» **TASK DIRECTIONS**:
Among the lines of the data, copy those that hold "object".

Collection entries
● ● ● ● ●

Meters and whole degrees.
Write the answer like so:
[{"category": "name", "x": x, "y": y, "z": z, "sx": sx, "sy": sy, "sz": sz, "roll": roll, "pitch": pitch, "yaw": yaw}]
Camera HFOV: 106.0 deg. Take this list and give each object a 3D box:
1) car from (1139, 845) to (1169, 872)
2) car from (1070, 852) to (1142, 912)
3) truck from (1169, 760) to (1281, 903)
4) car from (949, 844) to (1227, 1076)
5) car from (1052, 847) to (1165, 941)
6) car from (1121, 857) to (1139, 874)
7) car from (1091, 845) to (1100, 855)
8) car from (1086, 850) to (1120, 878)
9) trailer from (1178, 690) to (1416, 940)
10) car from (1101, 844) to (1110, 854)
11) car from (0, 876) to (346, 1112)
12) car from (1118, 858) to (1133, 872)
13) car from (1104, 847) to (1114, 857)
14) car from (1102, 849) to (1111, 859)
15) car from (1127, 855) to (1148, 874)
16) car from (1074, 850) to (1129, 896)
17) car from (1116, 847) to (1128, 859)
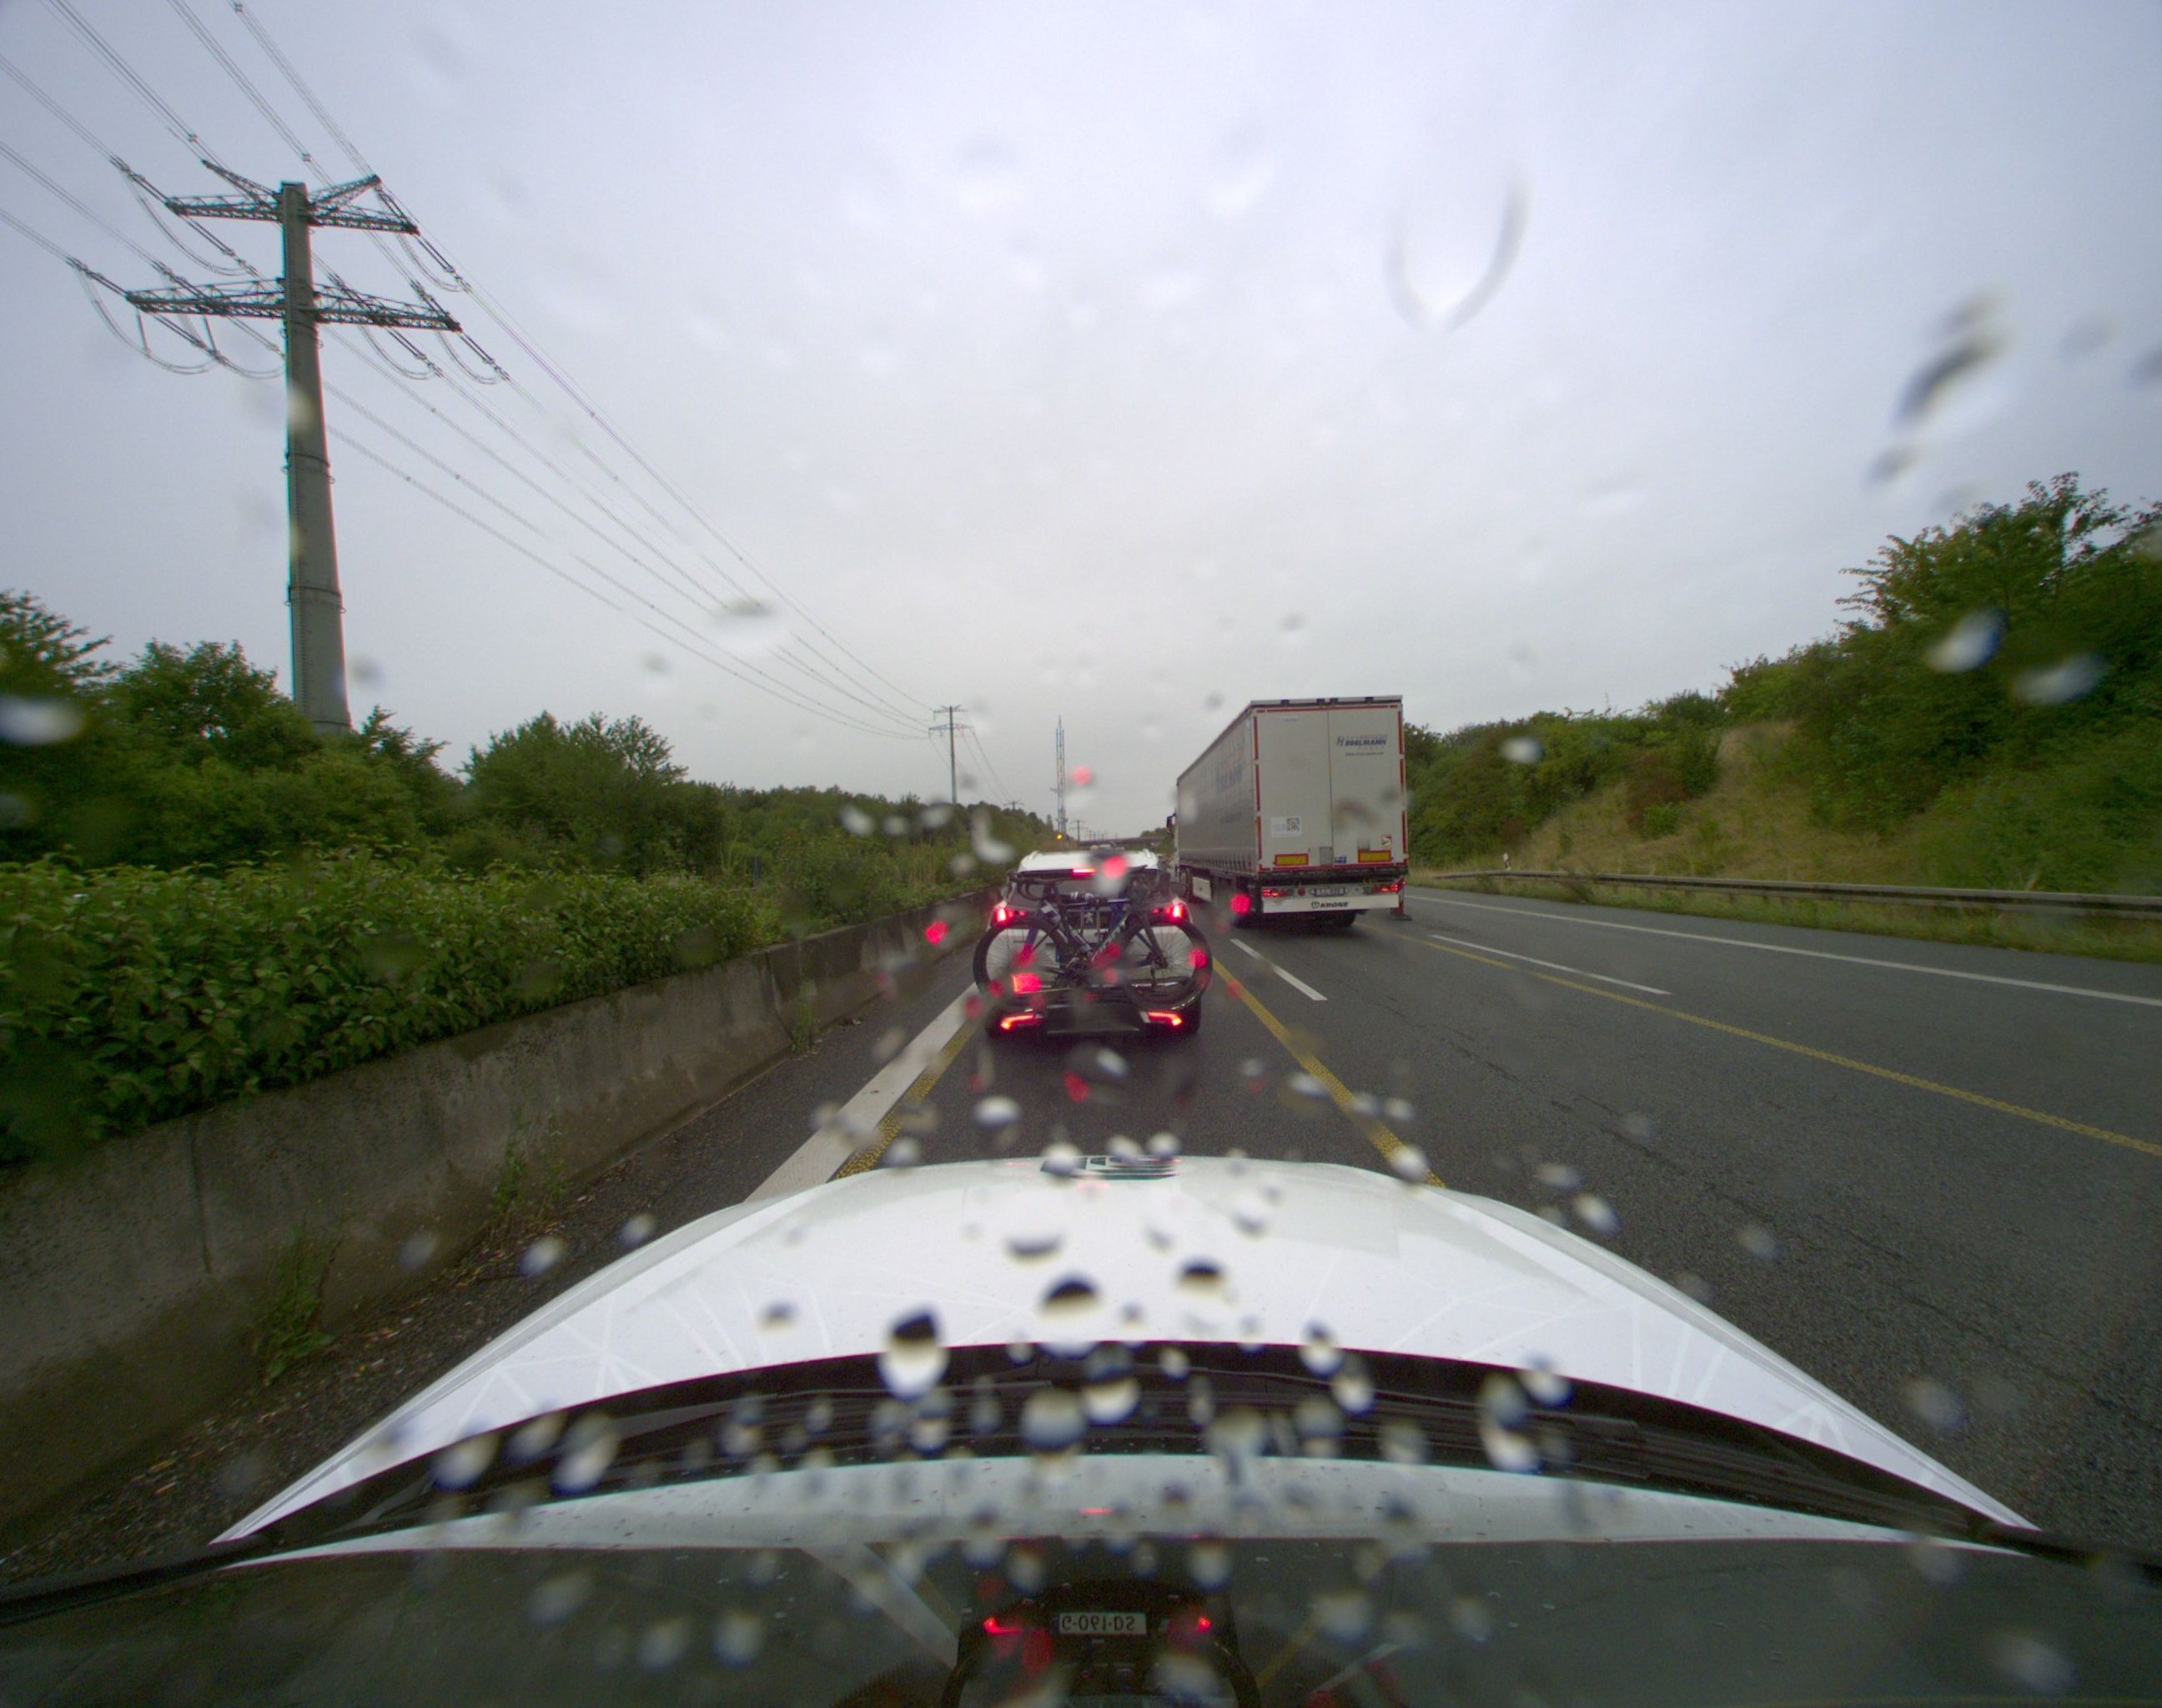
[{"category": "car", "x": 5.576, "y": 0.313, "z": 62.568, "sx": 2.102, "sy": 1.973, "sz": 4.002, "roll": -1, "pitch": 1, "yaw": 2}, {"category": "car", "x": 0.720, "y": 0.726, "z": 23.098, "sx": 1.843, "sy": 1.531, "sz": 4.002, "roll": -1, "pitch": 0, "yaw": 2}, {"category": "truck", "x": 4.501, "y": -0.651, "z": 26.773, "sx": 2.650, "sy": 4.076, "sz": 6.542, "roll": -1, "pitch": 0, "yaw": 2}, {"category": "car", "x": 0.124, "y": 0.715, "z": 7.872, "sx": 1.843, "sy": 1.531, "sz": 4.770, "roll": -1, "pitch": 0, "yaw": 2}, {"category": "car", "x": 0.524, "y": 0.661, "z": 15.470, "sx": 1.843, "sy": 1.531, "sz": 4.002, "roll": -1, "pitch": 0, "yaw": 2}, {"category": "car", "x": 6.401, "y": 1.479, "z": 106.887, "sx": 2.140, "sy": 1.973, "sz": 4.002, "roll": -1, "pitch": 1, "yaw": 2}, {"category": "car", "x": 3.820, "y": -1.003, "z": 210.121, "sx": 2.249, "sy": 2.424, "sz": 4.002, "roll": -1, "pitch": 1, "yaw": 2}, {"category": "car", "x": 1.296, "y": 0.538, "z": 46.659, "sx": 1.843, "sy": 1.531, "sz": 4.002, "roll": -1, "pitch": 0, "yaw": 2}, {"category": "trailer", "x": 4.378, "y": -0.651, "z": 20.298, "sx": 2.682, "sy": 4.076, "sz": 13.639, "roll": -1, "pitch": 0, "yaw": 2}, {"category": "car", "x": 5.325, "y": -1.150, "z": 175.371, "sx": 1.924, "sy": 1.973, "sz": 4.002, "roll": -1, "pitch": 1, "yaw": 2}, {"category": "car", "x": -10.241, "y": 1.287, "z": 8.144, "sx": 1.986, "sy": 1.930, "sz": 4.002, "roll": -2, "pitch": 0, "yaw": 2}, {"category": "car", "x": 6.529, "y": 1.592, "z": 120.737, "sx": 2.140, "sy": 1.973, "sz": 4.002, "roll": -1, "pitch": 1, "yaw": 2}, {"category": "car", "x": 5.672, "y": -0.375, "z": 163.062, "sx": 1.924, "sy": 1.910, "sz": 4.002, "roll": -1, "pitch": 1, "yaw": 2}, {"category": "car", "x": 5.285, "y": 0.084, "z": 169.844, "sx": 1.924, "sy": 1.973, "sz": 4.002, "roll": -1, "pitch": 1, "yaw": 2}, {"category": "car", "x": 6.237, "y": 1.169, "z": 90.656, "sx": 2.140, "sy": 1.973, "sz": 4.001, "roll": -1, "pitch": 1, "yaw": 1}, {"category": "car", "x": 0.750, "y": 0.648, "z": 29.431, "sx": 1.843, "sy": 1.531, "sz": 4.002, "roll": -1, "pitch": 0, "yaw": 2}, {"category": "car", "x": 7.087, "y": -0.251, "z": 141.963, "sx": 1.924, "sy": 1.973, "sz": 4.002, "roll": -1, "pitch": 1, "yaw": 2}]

● ● ● ● ●

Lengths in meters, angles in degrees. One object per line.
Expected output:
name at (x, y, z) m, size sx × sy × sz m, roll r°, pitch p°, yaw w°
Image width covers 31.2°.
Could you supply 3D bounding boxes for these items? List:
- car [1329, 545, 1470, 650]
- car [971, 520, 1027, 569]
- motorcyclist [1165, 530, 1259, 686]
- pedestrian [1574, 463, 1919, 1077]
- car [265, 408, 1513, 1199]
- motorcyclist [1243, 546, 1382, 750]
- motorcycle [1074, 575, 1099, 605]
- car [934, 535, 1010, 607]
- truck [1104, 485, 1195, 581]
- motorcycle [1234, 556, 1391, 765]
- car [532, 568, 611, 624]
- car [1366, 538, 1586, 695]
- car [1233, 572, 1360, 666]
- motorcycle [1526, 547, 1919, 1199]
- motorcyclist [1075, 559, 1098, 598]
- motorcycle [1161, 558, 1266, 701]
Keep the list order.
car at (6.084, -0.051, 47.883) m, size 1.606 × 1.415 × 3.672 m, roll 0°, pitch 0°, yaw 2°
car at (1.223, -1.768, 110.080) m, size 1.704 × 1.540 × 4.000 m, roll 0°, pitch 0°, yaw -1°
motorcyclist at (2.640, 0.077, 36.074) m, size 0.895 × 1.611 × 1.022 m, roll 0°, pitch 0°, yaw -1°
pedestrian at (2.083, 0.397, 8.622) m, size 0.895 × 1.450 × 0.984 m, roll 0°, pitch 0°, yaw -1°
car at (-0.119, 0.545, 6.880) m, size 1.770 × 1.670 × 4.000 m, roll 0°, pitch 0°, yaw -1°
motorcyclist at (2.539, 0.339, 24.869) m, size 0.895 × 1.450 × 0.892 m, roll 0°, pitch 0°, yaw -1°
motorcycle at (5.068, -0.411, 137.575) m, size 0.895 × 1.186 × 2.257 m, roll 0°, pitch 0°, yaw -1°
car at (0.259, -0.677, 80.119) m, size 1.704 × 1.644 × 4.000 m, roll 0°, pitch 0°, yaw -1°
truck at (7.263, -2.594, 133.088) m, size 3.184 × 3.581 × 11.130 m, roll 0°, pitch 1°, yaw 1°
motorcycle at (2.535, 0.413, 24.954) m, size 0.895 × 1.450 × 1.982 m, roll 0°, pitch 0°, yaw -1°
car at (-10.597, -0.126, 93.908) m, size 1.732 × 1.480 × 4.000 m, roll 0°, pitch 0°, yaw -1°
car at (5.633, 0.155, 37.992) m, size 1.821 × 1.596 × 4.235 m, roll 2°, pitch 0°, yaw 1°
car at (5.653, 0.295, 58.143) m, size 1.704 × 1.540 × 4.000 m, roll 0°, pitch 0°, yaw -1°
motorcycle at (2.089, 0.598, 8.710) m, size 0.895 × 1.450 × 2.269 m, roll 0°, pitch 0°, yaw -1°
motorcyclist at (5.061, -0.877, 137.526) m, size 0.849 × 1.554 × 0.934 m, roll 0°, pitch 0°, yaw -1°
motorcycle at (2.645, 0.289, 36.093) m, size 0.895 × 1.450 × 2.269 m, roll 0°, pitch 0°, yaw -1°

● ● ● ● ●

» **EXERCISE RESPONSE**:
Camera HFOV: 106.0 deg. Take this list and give each object a 3D box:
Lengths in meters, angles in degrees. One object per line.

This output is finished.